WHAT THE EXERCISE ASKS:
Taking the listing below, restate word for word each line from the line with "Camera HFOV: 52.1 deg." to the line with "Perform 3D box", ends included, and stop there.

= = = = = = =

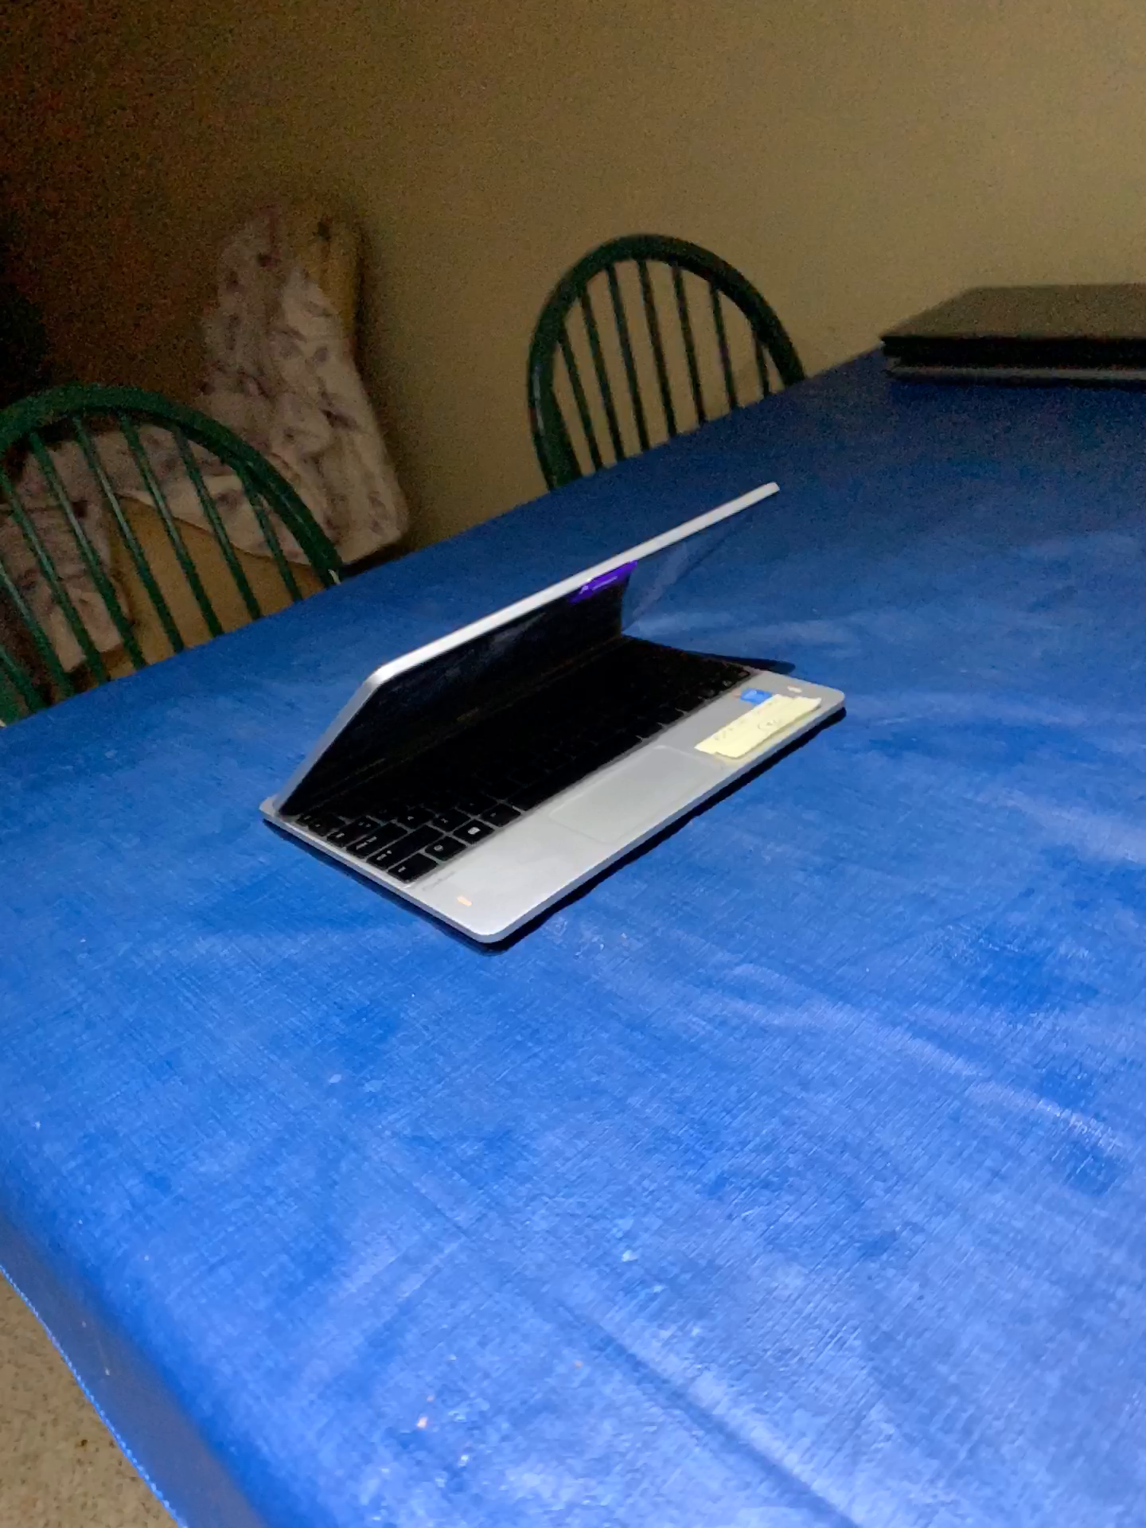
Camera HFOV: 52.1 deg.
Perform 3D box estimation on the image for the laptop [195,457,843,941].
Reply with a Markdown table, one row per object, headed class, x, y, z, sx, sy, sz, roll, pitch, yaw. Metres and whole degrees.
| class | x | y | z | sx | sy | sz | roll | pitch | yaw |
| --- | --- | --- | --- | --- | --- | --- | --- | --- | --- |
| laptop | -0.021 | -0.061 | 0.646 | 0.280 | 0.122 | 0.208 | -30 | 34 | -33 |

= = = = = = =

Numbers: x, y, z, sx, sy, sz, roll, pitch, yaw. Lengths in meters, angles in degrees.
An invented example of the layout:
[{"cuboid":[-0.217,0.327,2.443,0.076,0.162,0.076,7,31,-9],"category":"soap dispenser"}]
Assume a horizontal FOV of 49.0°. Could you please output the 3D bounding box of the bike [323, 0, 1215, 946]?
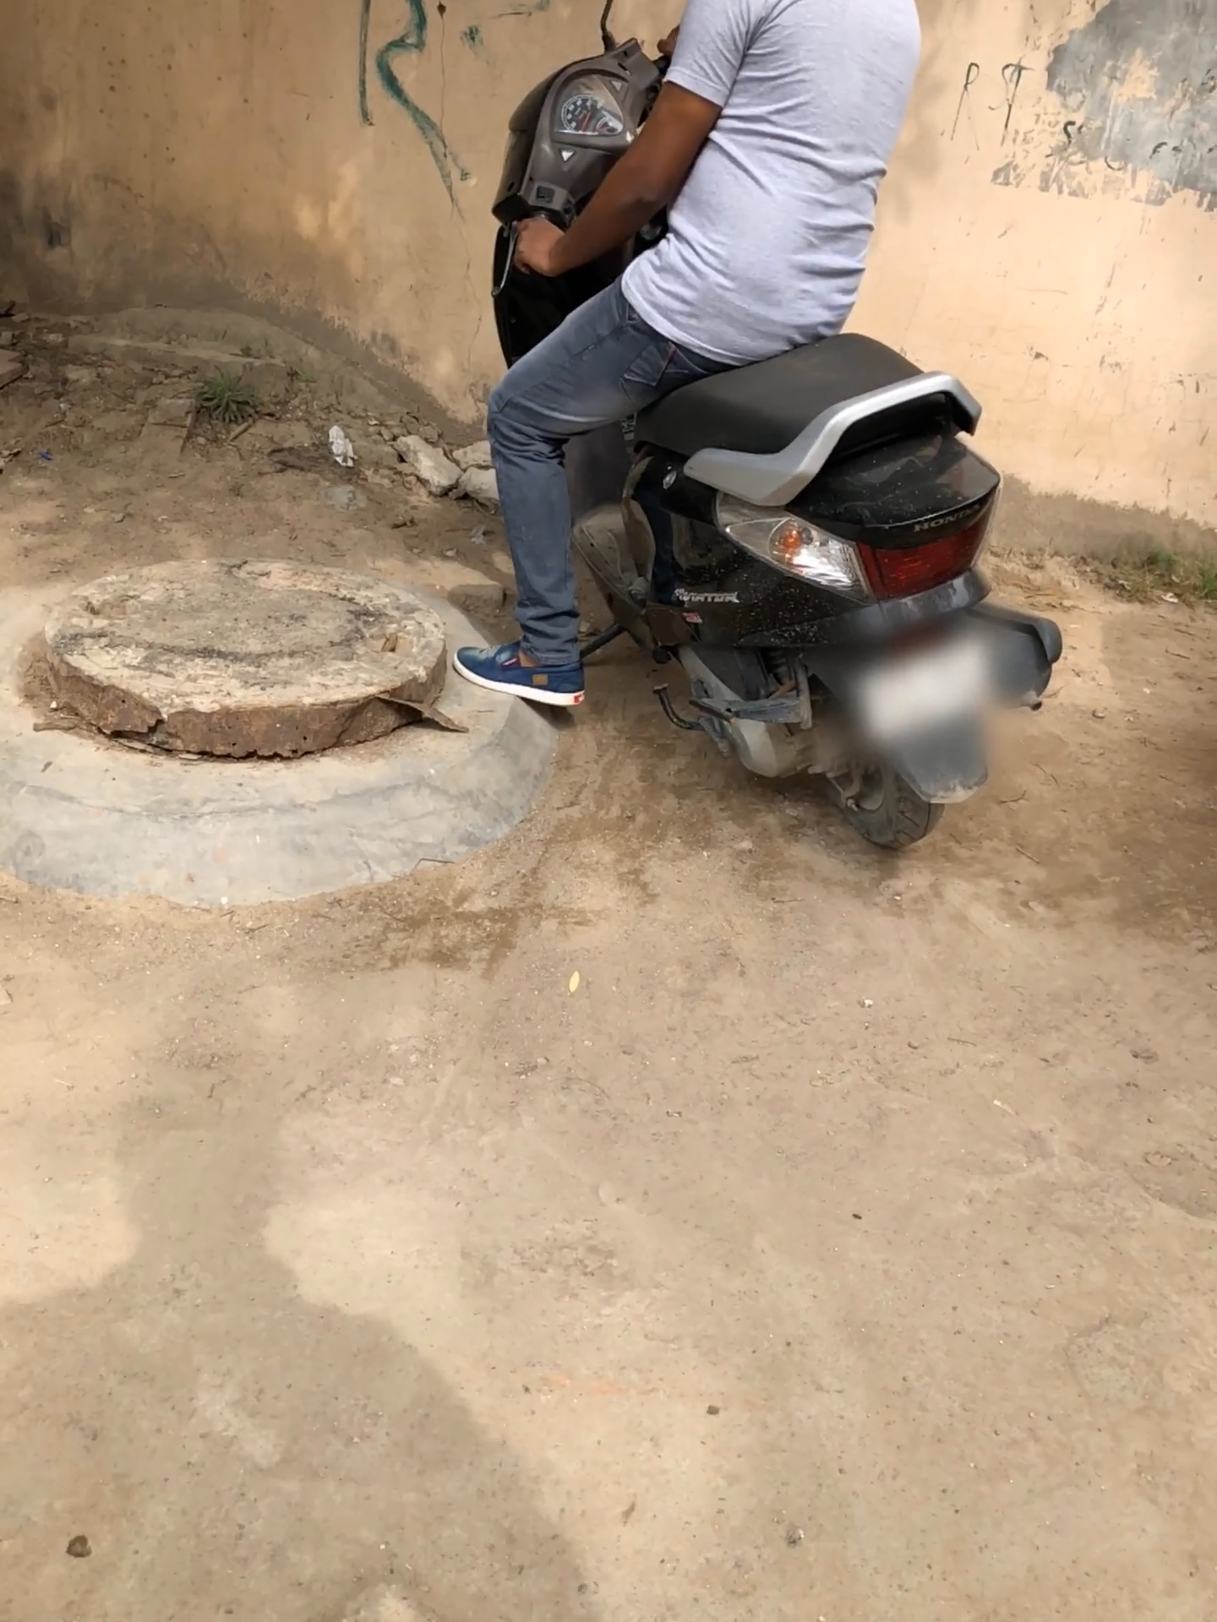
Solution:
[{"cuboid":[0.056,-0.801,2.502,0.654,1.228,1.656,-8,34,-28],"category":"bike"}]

= = = = = = =

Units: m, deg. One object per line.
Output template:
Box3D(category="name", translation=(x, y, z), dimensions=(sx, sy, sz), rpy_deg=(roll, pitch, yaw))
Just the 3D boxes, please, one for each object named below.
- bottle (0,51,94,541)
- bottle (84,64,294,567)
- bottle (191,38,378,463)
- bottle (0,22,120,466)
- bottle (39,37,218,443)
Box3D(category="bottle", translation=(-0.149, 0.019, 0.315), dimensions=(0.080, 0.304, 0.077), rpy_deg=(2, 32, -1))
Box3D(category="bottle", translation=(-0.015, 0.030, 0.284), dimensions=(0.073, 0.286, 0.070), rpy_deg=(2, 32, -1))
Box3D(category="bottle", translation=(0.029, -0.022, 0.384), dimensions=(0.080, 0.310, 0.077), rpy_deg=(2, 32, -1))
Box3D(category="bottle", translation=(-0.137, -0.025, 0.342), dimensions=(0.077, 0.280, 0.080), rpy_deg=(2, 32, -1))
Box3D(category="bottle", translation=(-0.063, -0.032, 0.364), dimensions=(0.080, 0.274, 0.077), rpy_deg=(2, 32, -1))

= = = = = = =

EXPECTED ANSWER:
Camera HFOV: 52.1 deg.
Perform 3D box estimation on the image for the laptop [195,457,843,941].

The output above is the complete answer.